Dataset entries Start Marker

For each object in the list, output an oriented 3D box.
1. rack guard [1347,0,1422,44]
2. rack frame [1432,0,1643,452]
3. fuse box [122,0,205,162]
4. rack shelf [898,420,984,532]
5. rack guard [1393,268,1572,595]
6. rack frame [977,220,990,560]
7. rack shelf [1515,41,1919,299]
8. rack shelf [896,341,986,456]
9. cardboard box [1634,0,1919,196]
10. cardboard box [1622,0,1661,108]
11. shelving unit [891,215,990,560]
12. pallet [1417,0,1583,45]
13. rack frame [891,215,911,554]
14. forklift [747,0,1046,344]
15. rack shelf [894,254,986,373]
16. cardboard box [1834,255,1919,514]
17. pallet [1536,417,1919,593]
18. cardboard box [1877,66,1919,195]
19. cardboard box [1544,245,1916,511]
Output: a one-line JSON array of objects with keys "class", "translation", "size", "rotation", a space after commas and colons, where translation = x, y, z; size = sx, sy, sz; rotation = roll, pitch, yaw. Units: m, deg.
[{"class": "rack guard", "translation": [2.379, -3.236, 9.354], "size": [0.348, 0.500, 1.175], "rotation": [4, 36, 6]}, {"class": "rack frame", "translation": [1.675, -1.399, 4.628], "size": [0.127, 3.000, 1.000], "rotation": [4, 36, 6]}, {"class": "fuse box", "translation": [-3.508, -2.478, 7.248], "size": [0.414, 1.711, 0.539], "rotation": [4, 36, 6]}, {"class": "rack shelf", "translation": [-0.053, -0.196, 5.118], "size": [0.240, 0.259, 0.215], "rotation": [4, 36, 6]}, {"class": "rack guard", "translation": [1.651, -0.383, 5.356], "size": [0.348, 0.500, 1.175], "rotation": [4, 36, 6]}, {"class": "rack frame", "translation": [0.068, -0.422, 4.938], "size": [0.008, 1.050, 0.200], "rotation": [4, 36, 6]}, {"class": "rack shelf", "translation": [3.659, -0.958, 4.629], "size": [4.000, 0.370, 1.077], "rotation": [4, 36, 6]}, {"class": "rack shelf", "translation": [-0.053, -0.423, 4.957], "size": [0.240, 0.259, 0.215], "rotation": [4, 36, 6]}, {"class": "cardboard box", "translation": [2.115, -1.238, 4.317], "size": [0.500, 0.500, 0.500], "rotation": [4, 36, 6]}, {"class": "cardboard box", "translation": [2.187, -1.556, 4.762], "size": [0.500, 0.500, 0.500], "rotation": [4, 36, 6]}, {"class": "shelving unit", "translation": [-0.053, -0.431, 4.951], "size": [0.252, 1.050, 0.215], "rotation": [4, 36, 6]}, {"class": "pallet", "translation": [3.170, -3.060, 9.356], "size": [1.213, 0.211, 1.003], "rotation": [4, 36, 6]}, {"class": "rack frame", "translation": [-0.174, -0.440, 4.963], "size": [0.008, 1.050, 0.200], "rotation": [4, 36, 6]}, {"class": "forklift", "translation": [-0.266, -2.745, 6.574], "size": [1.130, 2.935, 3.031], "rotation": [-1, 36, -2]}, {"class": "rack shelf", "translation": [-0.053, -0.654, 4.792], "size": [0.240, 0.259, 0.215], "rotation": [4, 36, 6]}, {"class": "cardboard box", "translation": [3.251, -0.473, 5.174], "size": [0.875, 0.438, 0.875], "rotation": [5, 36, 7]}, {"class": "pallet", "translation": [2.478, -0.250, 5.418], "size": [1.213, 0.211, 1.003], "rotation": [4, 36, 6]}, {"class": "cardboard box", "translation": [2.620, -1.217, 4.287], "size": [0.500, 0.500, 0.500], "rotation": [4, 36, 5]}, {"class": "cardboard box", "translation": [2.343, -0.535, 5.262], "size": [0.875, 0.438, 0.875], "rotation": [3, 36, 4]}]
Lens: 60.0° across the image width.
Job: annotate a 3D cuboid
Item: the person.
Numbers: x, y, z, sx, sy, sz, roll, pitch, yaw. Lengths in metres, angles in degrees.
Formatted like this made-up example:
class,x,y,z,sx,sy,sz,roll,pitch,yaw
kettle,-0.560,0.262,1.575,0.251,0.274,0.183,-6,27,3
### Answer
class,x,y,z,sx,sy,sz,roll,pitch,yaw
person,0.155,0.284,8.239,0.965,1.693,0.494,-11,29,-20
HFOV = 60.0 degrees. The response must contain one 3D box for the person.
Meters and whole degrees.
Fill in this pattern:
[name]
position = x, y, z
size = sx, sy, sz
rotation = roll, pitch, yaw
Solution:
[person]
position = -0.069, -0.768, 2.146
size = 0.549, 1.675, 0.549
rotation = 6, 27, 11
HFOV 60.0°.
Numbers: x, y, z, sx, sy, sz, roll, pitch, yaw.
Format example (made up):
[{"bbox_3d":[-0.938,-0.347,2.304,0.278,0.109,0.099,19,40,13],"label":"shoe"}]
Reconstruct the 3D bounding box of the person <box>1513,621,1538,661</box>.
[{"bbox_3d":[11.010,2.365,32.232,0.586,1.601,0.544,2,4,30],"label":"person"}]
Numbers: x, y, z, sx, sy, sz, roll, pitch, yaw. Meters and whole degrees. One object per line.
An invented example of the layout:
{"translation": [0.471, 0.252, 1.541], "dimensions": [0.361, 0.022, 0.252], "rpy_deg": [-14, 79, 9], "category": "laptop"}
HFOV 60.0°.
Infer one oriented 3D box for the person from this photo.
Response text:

Dataset entries End Marker

**Your task**
Repeat the material above exactly, including every line.

**Written response**
For each object in the list, output an oriented 3D box.
1. rack guard [1347,0,1422,44]
2. rack frame [1432,0,1643,452]
3. fuse box [122,0,205,162]
4. rack shelf [898,420,984,532]
5. rack guard [1393,268,1572,595]
6. rack frame [977,220,990,560]
7. rack shelf [1515,41,1919,299]
8. rack shelf [896,341,986,456]
9. cardboard box [1634,0,1919,196]
10. cardboard box [1622,0,1661,108]
11. shelving unit [891,215,990,560]
12. pallet [1417,0,1583,45]
13. rack frame [891,215,911,554]
14. forklift [747,0,1046,344]
15. rack shelf [894,254,986,373]
16. cardboard box [1834,255,1919,514]
17. pallet [1536,417,1919,593]
18. cardboard box [1877,66,1919,195]
19. cardboard box [1544,245,1916,511]
Output: a one-line JSON array of objects with keys "class", "translation", "size", "rotation", a space after commas and colons, where translation = x, y, z; size = sx, sy, sz; rotation = roll, pitch, yaw. Units: m, deg.
[{"class": "rack guard", "translation": [2.379, -3.236, 9.354], "size": [0.348, 0.500, 1.175], "rotation": [4, 36, 6]}, {"class": "rack frame", "translation": [1.675, -1.399, 4.628], "size": [0.127, 3.000, 1.000], "rotation": [4, 36, 6]}, {"class": "fuse box", "translation": [-3.508, -2.478, 7.248], "size": [0.414, 1.711, 0.539], "rotation": [4, 36, 6]}, {"class": "rack shelf", "translation": [-0.053, -0.196, 5.118], "size": [0.240, 0.259, 0.215], "rotation": [4, 36, 6]}, {"class": "rack guard", "translation": [1.651, -0.383, 5.356], "size": [0.348, 0.500, 1.175], "rotation": [4, 36, 6]}, {"class": "rack frame", "translation": [0.068, -0.422, 4.938], "size": [0.008, 1.050, 0.200], "rotation": [4, 36, 6]}, {"class": "rack shelf", "translation": [3.659, -0.958, 4.629], "size": [4.000, 0.370, 1.077], "rotation": [4, 36, 6]}, {"class": "rack shelf", "translation": [-0.053, -0.423, 4.957], "size": [0.240, 0.259, 0.215], "rotation": [4, 36, 6]}, {"class": "cardboard box", "translation": [2.115, -1.238, 4.317], "size": [0.500, 0.500, 0.500], "rotation": [4, 36, 6]}, {"class": "cardboard box", "translation": [2.187, -1.556, 4.762], "size": [0.500, 0.500, 0.500], "rotation": [4, 36, 6]}, {"class": "shelving unit", "translation": [-0.053, -0.431, 4.951], "size": [0.252, 1.050, 0.215], "rotation": [4, 36, 6]}, {"class": "pallet", "translation": [3.170, -3.060, 9.356], "size": [1.213, 0.211, 1.003], "rotation": [4, 36, 6]}, {"class": "rack frame", "translation": [-0.174, -0.440, 4.963], "size": [0.008, 1.050, 0.200], "rotation": [4, 36, 6]}, {"class": "forklift", "translation": [-0.266, -2.745, 6.574], "size": [1.130, 2.935, 3.031], "rotation": [-1, 36, -2]}, {"class": "rack shelf", "translation": [-0.053, -0.654, 4.792], "size": [0.240, 0.259, 0.215], "rotation": [4, 36, 6]}, {"class": "cardboard box", "translation": [3.251, -0.473, 5.174], "size": [0.875, 0.438, 0.875], "rotation": [5, 36, 7]}, {"class": "pallet", "translation": [2.478, -0.250, 5.418], "size": [1.213, 0.211, 1.003], "rotation": [4, 36, 6]}, {"class": "cardboard box", "translation": [2.620, -1.217, 4.287], "size": [0.500, 0.500, 0.500], "rotation": [4, 36, 5]}, {"class": "cardboard box", "translation": [2.343, -0.535, 5.262], "size": [0.875, 0.438, 0.875], "rotation": [3, 36, 4]}]
Lens: 60.0° across the image width.
Job: annotate a 3D cuboid
Item: the person.
Numbers: x, y, z, sx, sy, sz, roll, pitch, yaw. Lengths in metres, angles in degrees.
Formatted like this made-up example:
class,x,y,z,sx,sy,sz,roll,pitch,yaw
kettle,-0.560,0.262,1.575,0.251,0.274,0.183,-6,27,3
### Answer
class,x,y,z,sx,sy,sz,roll,pitch,yaw
person,0.155,0.284,8.239,0.965,1.693,0.494,-11,29,-20
HFOV = 60.0 degrees. The response must contain one 3D box for the person.
Meters and whole degrees.
Fill in this pattern:
[name]
position = x, y, z
size = sx, sy, sz
rotation = roll, pitch, yaw
Solution:
[person]
position = -0.069, -0.768, 2.146
size = 0.549, 1.675, 0.549
rotation = 6, 27, 11
HFOV 60.0°.
Numbers: x, y, z, sx, sy, sz, roll, pitch, yaw.
Format example (made up):
[{"bbox_3d":[-0.938,-0.347,2.304,0.278,0.109,0.099,19,40,13],"label":"shoe"}]
Reconstruct the 3D bounding box of the person <box>1513,621,1538,661</box>.
[{"bbox_3d":[11.010,2.365,32.232,0.586,1.601,0.544,2,4,30],"label":"person"}]
Numbers: x, y, z, sx, sy, sz, roll, pitch, yaw. Meters and whole degrees. One object per line.
An invented example of the layout:
{"translation": [0.471, 0.252, 1.541], "dimensions": [0.361, 0.022, 0.252], "rpy_deg": [-14, 79, 9], "category": "laptop"}
HFOV 60.0°.
Infer one oriented 3D box for the person from this photo.
Response text:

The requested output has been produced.